A theme repeated through the Healthcare Information & Management System Society’s meeting in New Orleans in March was that meaningful use is only a foundation for the changes that will transform health care. Or, as health informatics consultant Seth Foldy, MD, MPH, put it: The point of meaningful use is to learn.

He said, through EHRs, physicians can learn about the patient, learn to improve care, learn about multiple patients, learn from research and learn from surveillance. Finally, meaningful use can help physicians “learn how to learn.”

Physicians must treat meaningful use as mastering a new way of doing things, said Leland Babitch, MD, past chief medical information officer at the Detroit Medical Center. “If it doesn’t actually change the way you provide care, one can argue that’s when you get unintended consequences.”
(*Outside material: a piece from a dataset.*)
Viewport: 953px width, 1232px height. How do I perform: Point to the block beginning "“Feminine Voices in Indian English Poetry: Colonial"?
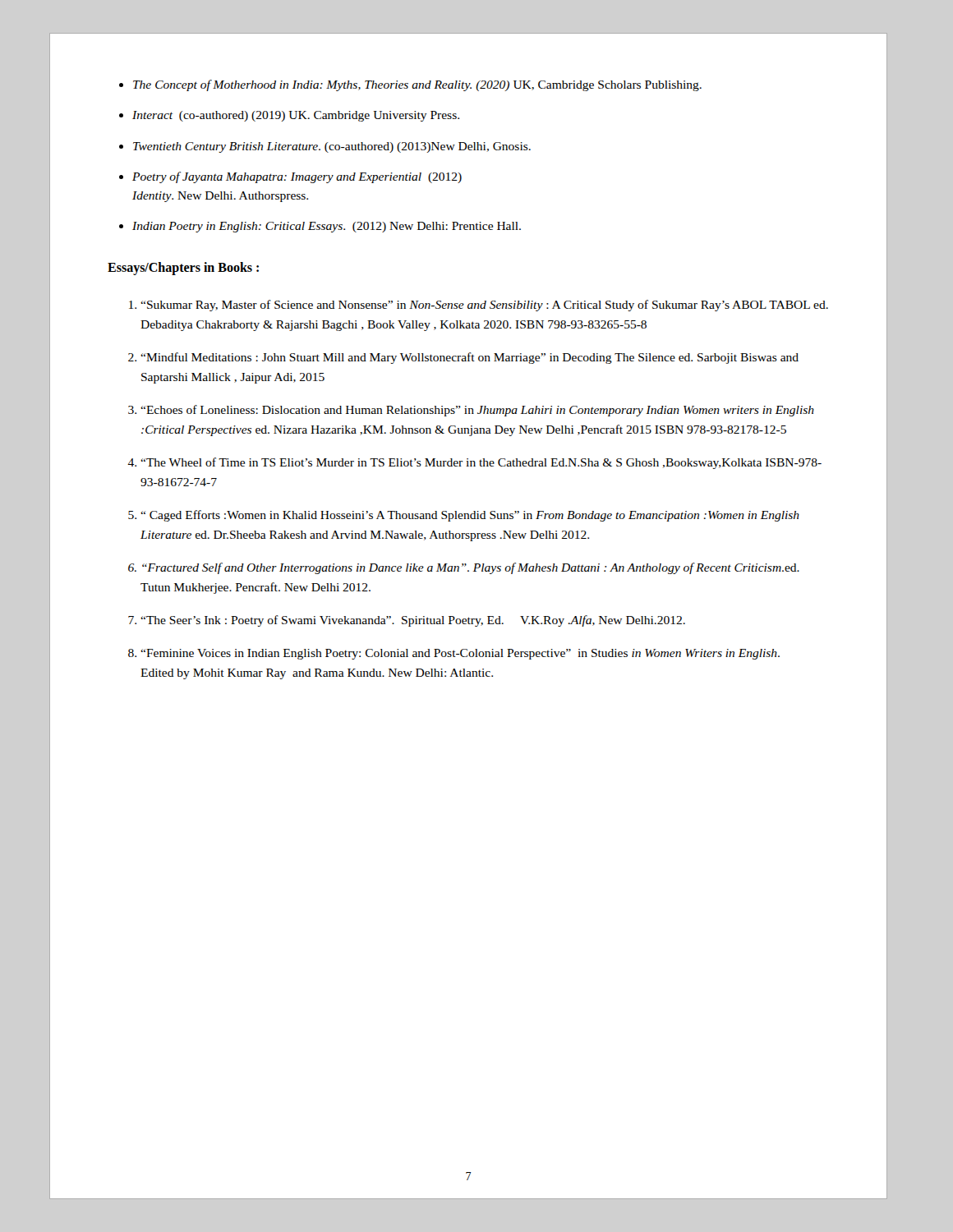tap(460, 662)

Dr. Foldy shared two startling statistics that underscore the need for computer-assisted learning. First, for the average primary care physician who treats a Medicare population, there are 229 other physicians involved in that population’s care. The only way it’s possible for each treating physician to know what the others are doing is through technology. “That’s an awful lot of connections to learn about and to learn from,” he said.

Second, if physicians who work eight-hour days were to incorporate all the guidelines they are required to follow in the course of a day without the help of technology, their workdays would need to be 21.7 hours long. The exchange of data can help ensure that physicians have the information they need when they need it.

For learning to continue on the right path, physicians need to “look beyond implementation and meaningful use attestation,” Dr. Foldy said.